Innenminister

Horst Seehofer kündigt „Masterplan“ für Abschiebungen an

Horst Seehofer (CSU), designierter Bundesinnenminister.

Horst Seehofer (CSU), designierter Bundesinnenminister.

Foto: Sven Hoppe / dpa

Die neue GroKo ist noch nicht vereidigt, da legt der Innenminister schon los. Seehofer will Deutschland so sicher machen wie Bayern.

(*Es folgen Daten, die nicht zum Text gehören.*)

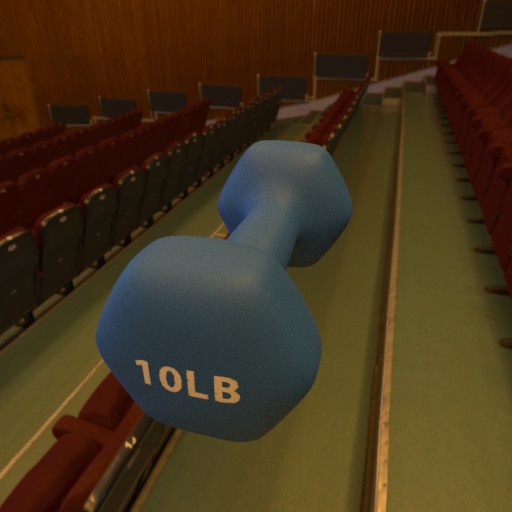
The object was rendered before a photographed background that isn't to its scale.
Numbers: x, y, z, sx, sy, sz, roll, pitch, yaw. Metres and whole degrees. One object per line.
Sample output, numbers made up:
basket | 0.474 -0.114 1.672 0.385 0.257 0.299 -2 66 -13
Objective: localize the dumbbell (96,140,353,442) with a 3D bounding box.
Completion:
dumbbell | 0.000 0.000 0.267 0.103 0.093 0.212 8 30 14

Berlin.  Der designierte Bundesinnenminister Horst Seehofer (CSU) hat als eine seiner ersten Amtshandlungen einen „Masterplan für schnellere Asylverfahren und konsequentere Abschiebungen“ angekündigt. Dafür werde er sich gleich nach der Amtsübernahme mit allen Mitarbeitern und den nachgeordneten Behörden zusammensetzen.

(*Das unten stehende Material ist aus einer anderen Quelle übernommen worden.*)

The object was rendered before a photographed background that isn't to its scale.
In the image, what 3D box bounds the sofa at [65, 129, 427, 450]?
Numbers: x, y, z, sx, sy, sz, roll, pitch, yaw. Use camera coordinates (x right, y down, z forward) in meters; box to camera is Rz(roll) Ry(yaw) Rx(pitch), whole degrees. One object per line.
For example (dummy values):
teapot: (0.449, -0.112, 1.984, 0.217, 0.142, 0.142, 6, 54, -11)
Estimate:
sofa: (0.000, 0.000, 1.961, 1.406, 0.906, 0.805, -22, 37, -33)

„Die Zahl der Rückführungen muss deutlich erhöht werden. Besonders bei Straftätern und Gefährdern unter den Asylbewerbern müssen wir härter durchgreifen“, sagte der CSU-Chef der „Bild am Sonntag“ (Bezahlinhalt).

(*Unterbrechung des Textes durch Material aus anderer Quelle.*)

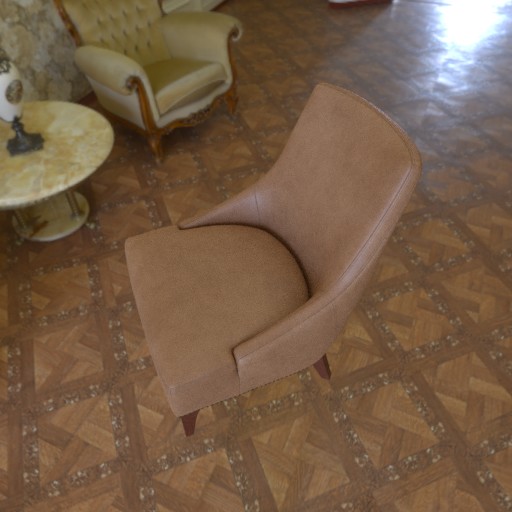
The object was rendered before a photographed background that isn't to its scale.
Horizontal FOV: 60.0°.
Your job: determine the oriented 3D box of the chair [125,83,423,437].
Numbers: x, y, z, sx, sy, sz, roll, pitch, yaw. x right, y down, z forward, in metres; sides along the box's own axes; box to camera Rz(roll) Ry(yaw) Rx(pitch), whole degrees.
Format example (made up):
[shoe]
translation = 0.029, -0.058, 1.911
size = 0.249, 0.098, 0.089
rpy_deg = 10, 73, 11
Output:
[chair]
translation = 0.000, 0.000, 1.542
size = 0.861, 0.909, 0.701
rpy_deg = -16, 48, -15
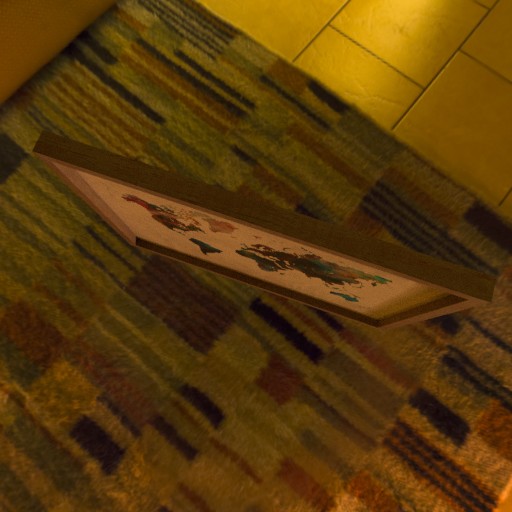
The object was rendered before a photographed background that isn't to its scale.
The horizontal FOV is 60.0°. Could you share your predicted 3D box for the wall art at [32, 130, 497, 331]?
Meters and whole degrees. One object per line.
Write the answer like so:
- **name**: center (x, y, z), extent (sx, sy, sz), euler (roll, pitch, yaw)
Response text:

„Dann ist Ende der Diskussion“

Generell kündigte Seehofer „null Toleranz gegenüber Straftätern“ an. Dabei setzt er auch auf eine wirksame Videoüberwachung an allen Brennpunkten im Land. „Wir wollen ein weltoffenes und liberales Land bleiben. Aber wenn es um den Schutz der Bürger geht, brauchen wir einen starken Staat. Dafür werde ich sorgen.“ Von der neuen Bundesregierung forderte Seehofer eine zügige Umsetzung des Koalitionsvertrages: „Nach Ostern gibt es die erste Kabinettsklausur und dann ist Ende der Diskussion. Dann wird umgesetzt!“

Seehofer übernimmt in derdas um Wohnungsbau und Heimat erweiterte Innenministerium. Seinen Posten als bayerischer Ministerpräsident will der 68-Jährige in Kürze abgeben, um den Weg für die Wahl seines designierten Nachfolgers Markus Söder freizumachen. (dpa/rtr)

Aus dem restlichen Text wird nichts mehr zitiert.